▶ **Your objective**: Where the line containing "small box (498,467,690,679)." appears, begin retyping; continue exactly through the final line of the data. Omit every picture.

Saved data entries
[Start of section]

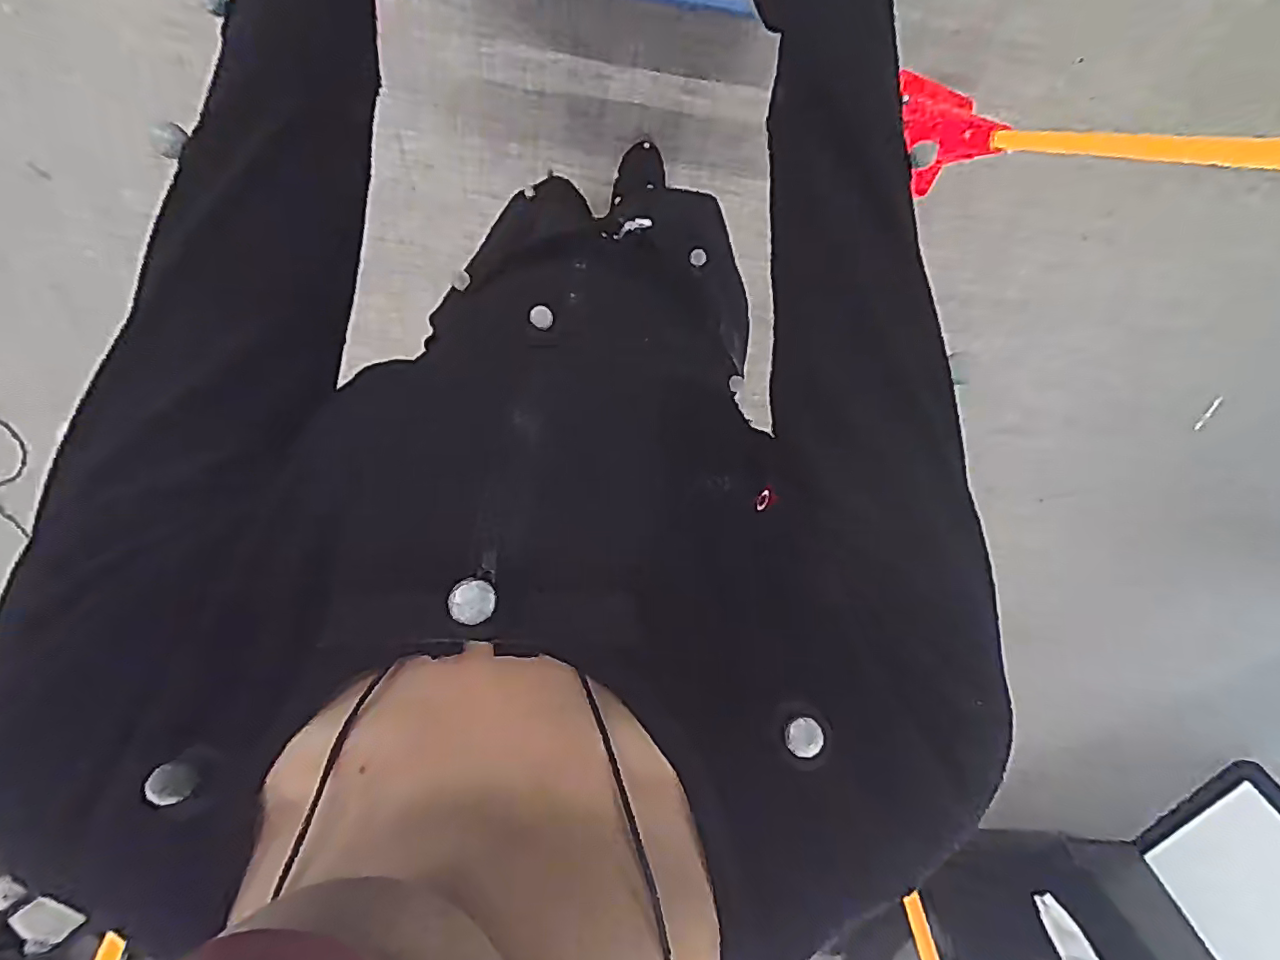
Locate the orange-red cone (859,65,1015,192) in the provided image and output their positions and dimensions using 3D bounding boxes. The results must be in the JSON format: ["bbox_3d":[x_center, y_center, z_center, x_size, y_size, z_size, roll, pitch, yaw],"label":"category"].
[{"bbox_3d":[0.607,-0.671,1.045,0.198,0.360,0.199,17,122,-10],"label":"orange-red cone"}]
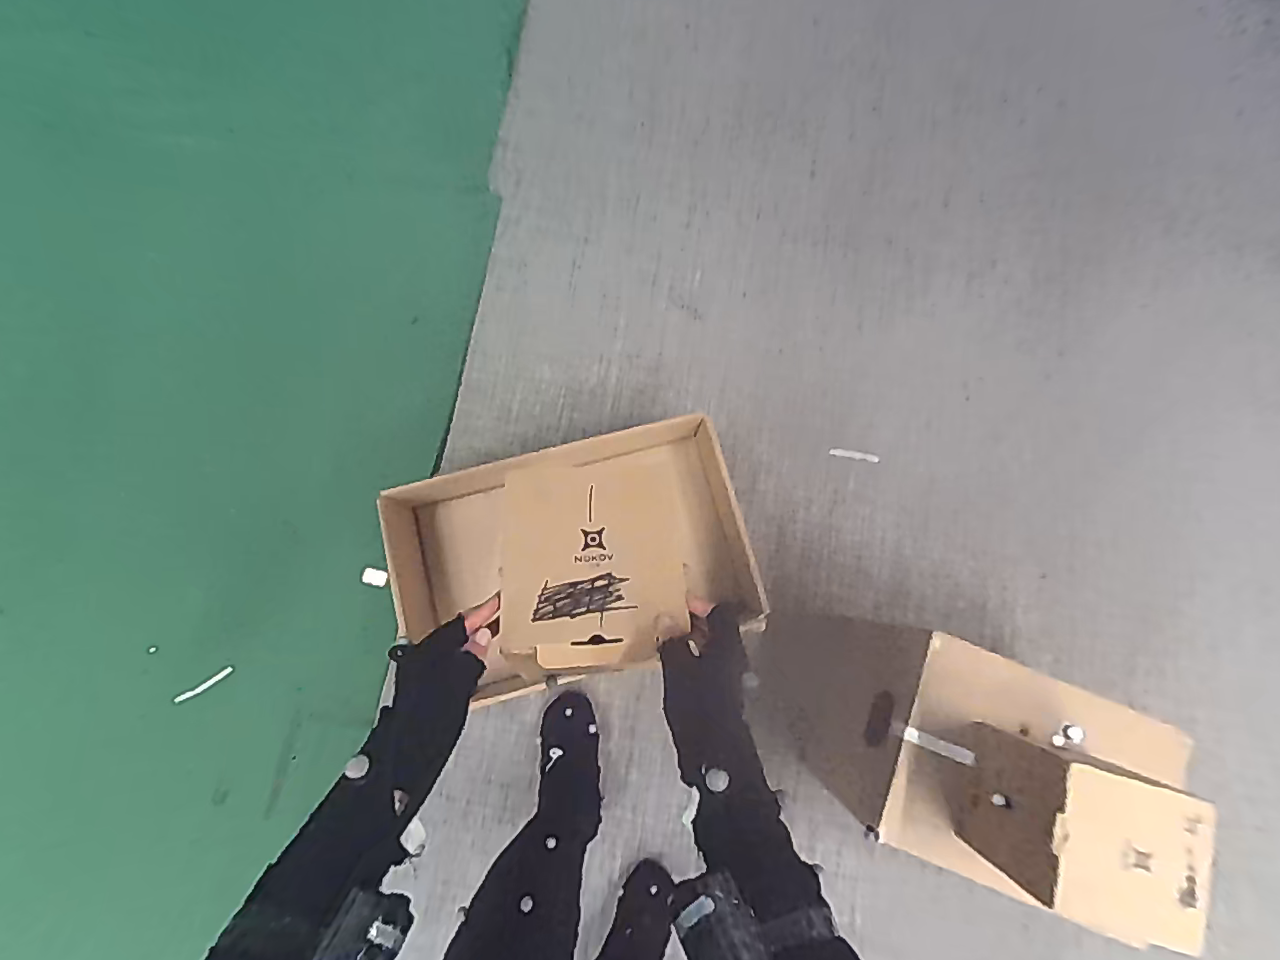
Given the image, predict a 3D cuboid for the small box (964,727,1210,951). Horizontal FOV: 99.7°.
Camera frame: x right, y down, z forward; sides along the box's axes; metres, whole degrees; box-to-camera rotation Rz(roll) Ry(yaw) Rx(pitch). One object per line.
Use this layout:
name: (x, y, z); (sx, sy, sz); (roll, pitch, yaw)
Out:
small box: (0.555, 0.437, 0.694); (0.179, 0.176, 0.168); (16, 80, 2)

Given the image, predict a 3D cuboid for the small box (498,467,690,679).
small box: (-0.046, 0.105, 0.561); (0.168, 0.176, 0.179); (-3, 62, -5)
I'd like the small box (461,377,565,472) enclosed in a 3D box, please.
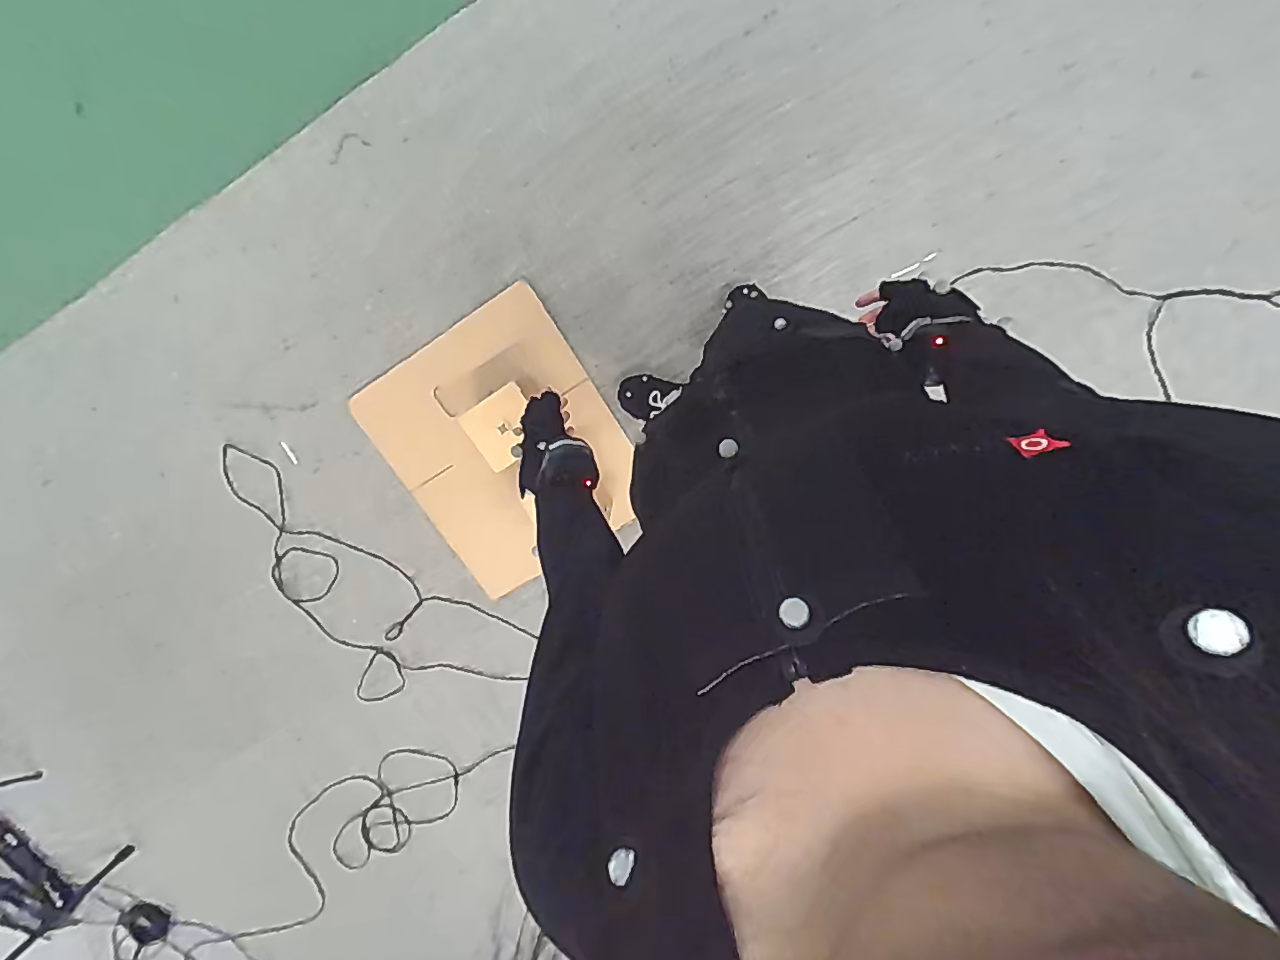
[{"bbox_3d":[-0.315,-0.146,1.382,0.179,0.176,0.168,-33,102,9],"label":"small box"}]
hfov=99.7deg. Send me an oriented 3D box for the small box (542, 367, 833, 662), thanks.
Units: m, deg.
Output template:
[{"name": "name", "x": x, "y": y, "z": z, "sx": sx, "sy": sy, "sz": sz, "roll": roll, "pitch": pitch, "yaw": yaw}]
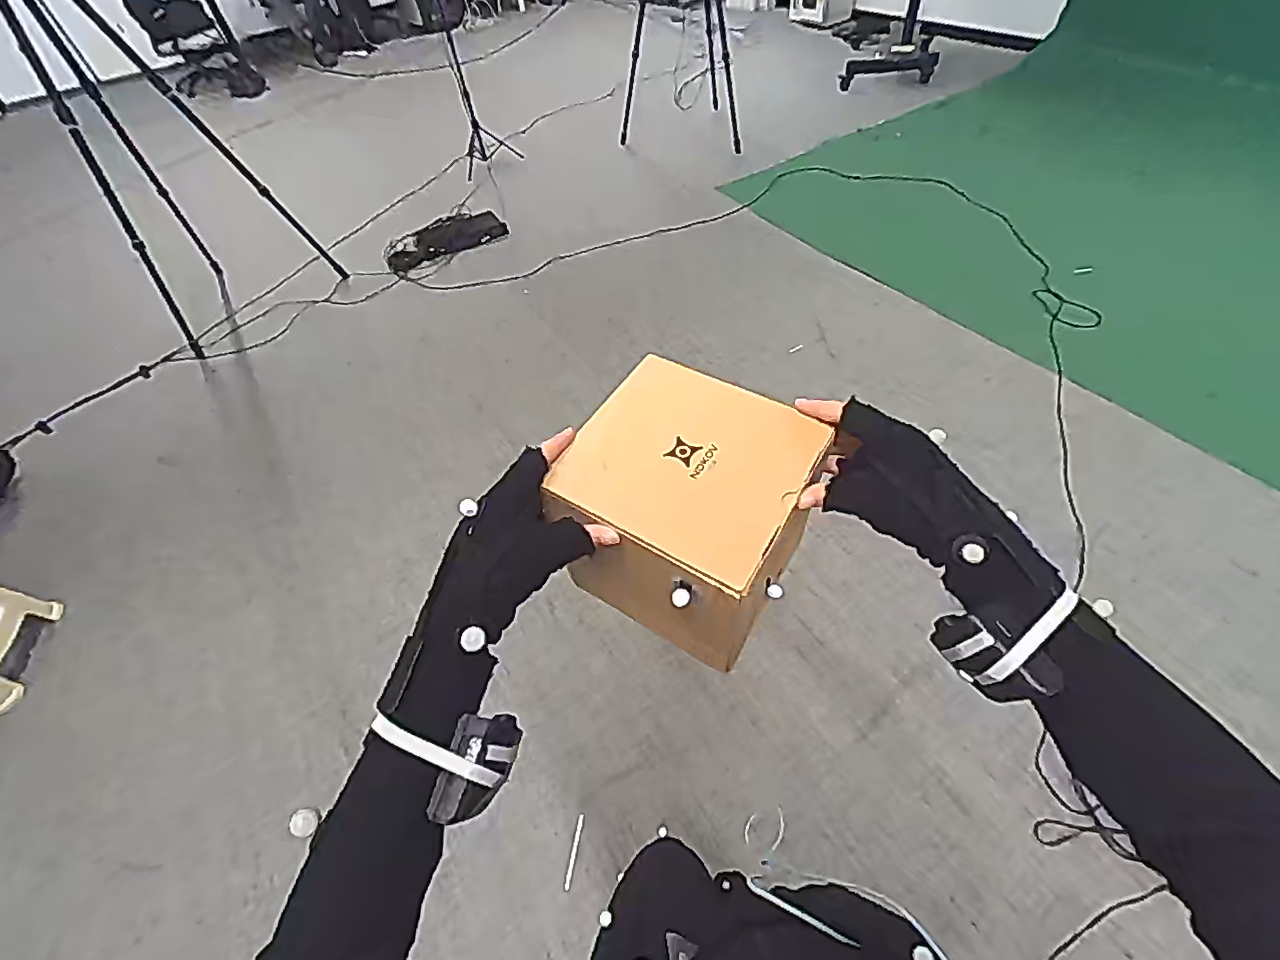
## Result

[End of section]

▶ **Result of this task**:
Given the image, predict a 3D cuboid for the small box (498,467,690,679).
small box: (-0.046, 0.105, 0.561); (0.168, 0.176, 0.179); (-3, 62, -5)
I'd like the small box (461,377,565,472) enclosed in a 3D box, please.
[{"bbox_3d":[-0.315,-0.146,1.382,0.179,0.176,0.168,-33,102,9],"label":"small box"}]
hfov=99.7deg. Send me an oriented 3D box for the small box (542, 367, 833, 662), thanks.
Units: m, deg.
Output template:
[{"name": "name", "x": x, "y": y, "z": z, "sx": sx, "sy": sy, "sz": sz, "roll": roll, "pitch": pitch, "yaw": yaw}]
## Result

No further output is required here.